**Task instructions**: Your output should reproduce each entry exactly, with none of its pictures.

** Opening Given data block **

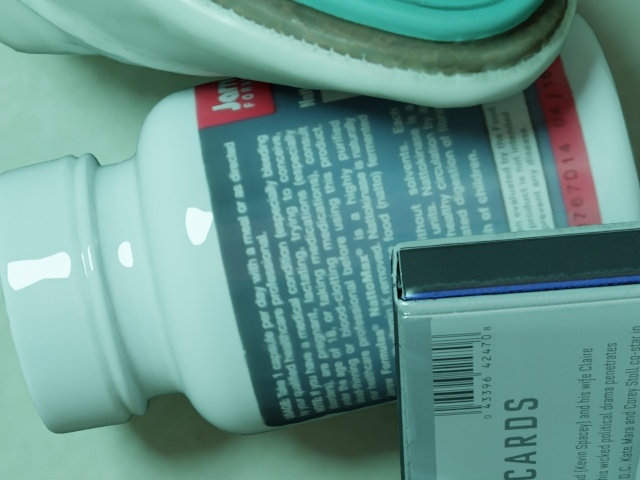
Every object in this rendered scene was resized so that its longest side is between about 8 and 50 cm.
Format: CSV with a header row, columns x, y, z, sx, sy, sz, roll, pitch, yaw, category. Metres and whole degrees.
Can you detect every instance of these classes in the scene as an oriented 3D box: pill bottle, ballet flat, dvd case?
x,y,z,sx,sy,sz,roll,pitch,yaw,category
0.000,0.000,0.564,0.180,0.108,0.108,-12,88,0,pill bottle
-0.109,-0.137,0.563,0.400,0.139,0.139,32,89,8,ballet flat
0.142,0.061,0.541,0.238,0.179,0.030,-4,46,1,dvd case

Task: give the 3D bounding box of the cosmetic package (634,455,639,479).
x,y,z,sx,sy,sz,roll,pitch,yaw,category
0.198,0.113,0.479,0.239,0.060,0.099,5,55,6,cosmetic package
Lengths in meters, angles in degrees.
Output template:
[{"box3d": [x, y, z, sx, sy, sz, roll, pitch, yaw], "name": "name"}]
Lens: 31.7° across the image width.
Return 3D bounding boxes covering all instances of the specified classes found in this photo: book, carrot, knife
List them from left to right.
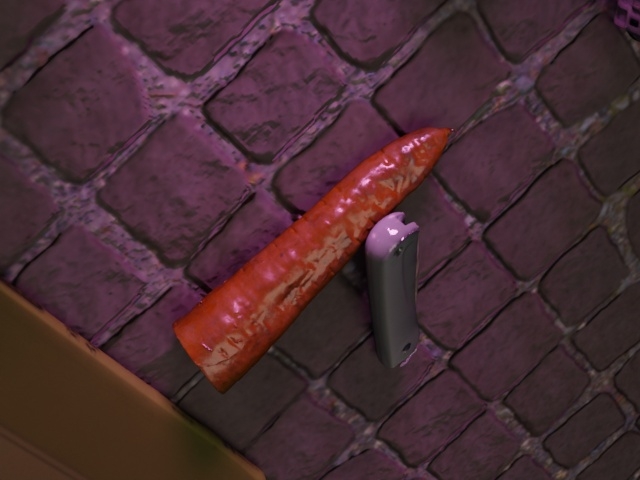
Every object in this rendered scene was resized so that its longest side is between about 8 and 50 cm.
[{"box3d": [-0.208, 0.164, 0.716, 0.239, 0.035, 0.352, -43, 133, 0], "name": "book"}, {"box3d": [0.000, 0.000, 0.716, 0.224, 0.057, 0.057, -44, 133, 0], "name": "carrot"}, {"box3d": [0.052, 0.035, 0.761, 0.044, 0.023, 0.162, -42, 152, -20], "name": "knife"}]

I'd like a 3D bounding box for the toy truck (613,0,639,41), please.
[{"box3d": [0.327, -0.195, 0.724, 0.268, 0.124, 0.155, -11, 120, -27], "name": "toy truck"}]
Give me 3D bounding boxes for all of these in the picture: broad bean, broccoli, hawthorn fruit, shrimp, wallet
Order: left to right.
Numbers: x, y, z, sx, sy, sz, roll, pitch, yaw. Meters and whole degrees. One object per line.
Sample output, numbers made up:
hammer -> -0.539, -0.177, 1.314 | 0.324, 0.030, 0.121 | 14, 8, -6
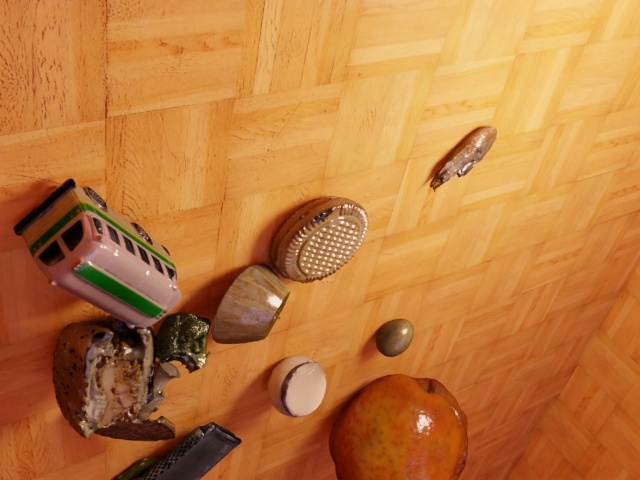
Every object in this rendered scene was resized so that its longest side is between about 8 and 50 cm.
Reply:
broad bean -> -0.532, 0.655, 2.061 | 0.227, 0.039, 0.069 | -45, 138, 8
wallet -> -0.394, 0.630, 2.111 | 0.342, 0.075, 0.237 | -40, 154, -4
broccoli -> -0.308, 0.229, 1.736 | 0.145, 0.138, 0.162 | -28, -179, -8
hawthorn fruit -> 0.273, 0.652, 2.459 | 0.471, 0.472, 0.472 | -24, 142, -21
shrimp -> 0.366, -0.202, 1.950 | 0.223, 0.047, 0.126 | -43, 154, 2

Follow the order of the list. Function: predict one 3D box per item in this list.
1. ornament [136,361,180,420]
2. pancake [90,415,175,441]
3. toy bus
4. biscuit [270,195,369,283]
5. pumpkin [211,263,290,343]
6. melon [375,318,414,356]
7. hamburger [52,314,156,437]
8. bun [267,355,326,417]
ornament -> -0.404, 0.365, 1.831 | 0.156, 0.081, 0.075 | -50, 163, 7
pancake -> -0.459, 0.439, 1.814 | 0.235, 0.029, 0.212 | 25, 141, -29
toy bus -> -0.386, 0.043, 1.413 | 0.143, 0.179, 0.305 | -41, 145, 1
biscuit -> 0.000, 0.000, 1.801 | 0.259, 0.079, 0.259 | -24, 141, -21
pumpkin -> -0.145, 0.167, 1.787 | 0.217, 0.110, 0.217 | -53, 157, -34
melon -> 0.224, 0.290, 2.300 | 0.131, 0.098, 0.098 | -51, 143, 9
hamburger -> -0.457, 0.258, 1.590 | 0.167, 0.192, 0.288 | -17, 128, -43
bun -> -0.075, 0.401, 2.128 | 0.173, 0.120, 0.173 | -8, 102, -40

** Closing Given data block **

**Result of this exercise**:
Every object in this rendered scene was resized so that its longest side is between about 8 and 50 cm.
Format: CSV with a header row, columns x, y, z, sx, sy, sz, roll, pitch, yaw, category. Metres and whole degrees.
Can you detect every instance of these classes in the scene as an oriented 3D box: pill bottle, ballet flat, dvd case?
x,y,z,sx,sy,sz,roll,pitch,yaw,category
0.000,0.000,0.564,0.180,0.108,0.108,-12,88,0,pill bottle
-0.109,-0.137,0.563,0.400,0.139,0.139,32,89,8,ballet flat
0.142,0.061,0.541,0.238,0.179,0.030,-4,46,1,dvd case

Task: give the 3D bounding box of the cosmetic package (634,455,639,479).
x,y,z,sx,sy,sz,roll,pitch,yaw,category
0.198,0.113,0.479,0.239,0.060,0.099,5,55,6,cosmetic package
Lengths in meters, angles in degrees.
Output template:
[{"box3d": [x, y, z, sx, sy, sz, roll, pitch, yaw], "name": "name"}]
Lens: 31.7° across the image width.
Return 3D bounding boxes covering all instances of the specified classes found in this photo: book, carrot, knife
List them from left to right.
Every object in this rendered scene was resized so that its longest side is between about 8 and 50 cm.
[{"box3d": [-0.208, 0.164, 0.716, 0.239, 0.035, 0.352, -43, 133, 0], "name": "book"}, {"box3d": [0.000, 0.000, 0.716, 0.224, 0.057, 0.057, -44, 133, 0], "name": "carrot"}, {"box3d": [0.052, 0.035, 0.761, 0.044, 0.023, 0.162, -42, 152, -20], "name": "knife"}]

I'd like a 3D bounding box for the toy truck (613,0,639,41), please.
[{"box3d": [0.327, -0.195, 0.724, 0.268, 0.124, 0.155, -11, 120, -27], "name": "toy truck"}]
Give me 3D bounding boxes for all of these in the picture: broad bean, broccoli, hawthorn fruit, shrimp, wallet
Order: left to right.
Numbers: x, y, z, sx, sy, sz, roll, pitch, yaw. Meters and whole degrees. One object per line.
Sample output, numbers made up:
hammer -> -0.539, -0.177, 1.314 | 0.324, 0.030, 0.121 | 14, 8, -6
Every object in this rendered scene was resized so that its longest side is between about 8 and 50 cm.
Reply:
broad bean -> -0.532, 0.655, 2.061 | 0.227, 0.039, 0.069 | -45, 138, 8
wallet -> -0.394, 0.630, 2.111 | 0.342, 0.075, 0.237 | -40, 154, -4
broccoli -> -0.308, 0.229, 1.736 | 0.145, 0.138, 0.162 | -28, -179, -8
hawthorn fruit -> 0.273, 0.652, 2.459 | 0.471, 0.472, 0.472 | -24, 142, -21
shrimp -> 0.366, -0.202, 1.950 | 0.223, 0.047, 0.126 | -43, 154, 2

Follow the order of the list. Function: predict one 3D box per item in this list.
1. ornament [136,361,180,420]
2. pancake [90,415,175,441]
3. toy bus
4. biscuit [270,195,369,283]
5. pumpkin [211,263,290,343]
6. melon [375,318,414,356]
7. hamburger [52,314,156,437]
8. bun [267,355,326,417]
ornament -> -0.404, 0.365, 1.831 | 0.156, 0.081, 0.075 | -50, 163, 7
pancake -> -0.459, 0.439, 1.814 | 0.235, 0.029, 0.212 | 25, 141, -29
toy bus -> -0.386, 0.043, 1.413 | 0.143, 0.179, 0.305 | -41, 145, 1
biscuit -> 0.000, 0.000, 1.801 | 0.259, 0.079, 0.259 | -24, 141, -21
pumpkin -> -0.145, 0.167, 1.787 | 0.217, 0.110, 0.217 | -53, 157, -34
melon -> 0.224, 0.290, 2.300 | 0.131, 0.098, 0.098 | -51, 143, 9
hamburger -> -0.457, 0.258, 1.590 | 0.167, 0.192, 0.288 | -17, 128, -43
bun -> -0.075, 0.401, 2.128 | 0.173, 0.120, 0.173 | -8, 102, -40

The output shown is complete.